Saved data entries
^^^^^^^^

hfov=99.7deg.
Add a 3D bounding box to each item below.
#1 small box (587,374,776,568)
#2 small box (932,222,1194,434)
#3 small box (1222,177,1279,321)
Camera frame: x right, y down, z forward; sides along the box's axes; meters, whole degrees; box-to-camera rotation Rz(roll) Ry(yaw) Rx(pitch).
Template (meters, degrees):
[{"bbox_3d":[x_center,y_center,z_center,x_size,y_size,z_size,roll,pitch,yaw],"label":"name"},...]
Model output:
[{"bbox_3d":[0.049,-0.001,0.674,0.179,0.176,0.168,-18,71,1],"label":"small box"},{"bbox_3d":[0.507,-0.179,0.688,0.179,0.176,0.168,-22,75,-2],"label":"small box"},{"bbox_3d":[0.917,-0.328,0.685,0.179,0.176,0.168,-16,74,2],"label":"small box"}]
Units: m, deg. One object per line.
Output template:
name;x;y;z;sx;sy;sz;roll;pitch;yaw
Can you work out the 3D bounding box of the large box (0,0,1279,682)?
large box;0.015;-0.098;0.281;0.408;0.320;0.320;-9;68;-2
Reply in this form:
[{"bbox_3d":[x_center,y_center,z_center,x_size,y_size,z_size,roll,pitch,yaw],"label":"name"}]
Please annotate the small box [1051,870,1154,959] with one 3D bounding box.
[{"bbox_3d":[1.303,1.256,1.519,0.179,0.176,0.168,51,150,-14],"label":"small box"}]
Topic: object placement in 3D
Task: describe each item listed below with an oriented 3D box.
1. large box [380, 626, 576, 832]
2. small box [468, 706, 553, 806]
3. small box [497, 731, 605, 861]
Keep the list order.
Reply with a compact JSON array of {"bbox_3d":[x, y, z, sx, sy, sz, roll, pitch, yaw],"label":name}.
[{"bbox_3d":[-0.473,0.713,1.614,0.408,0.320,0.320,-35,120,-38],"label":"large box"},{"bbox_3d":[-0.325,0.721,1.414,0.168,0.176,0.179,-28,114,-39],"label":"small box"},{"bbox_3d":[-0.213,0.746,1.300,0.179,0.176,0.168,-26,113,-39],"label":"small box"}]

^^^^^^^^

Now copy each line of the entries that mentions "object".

Units: m, deg. One object per line.
Topic: object placement in 3D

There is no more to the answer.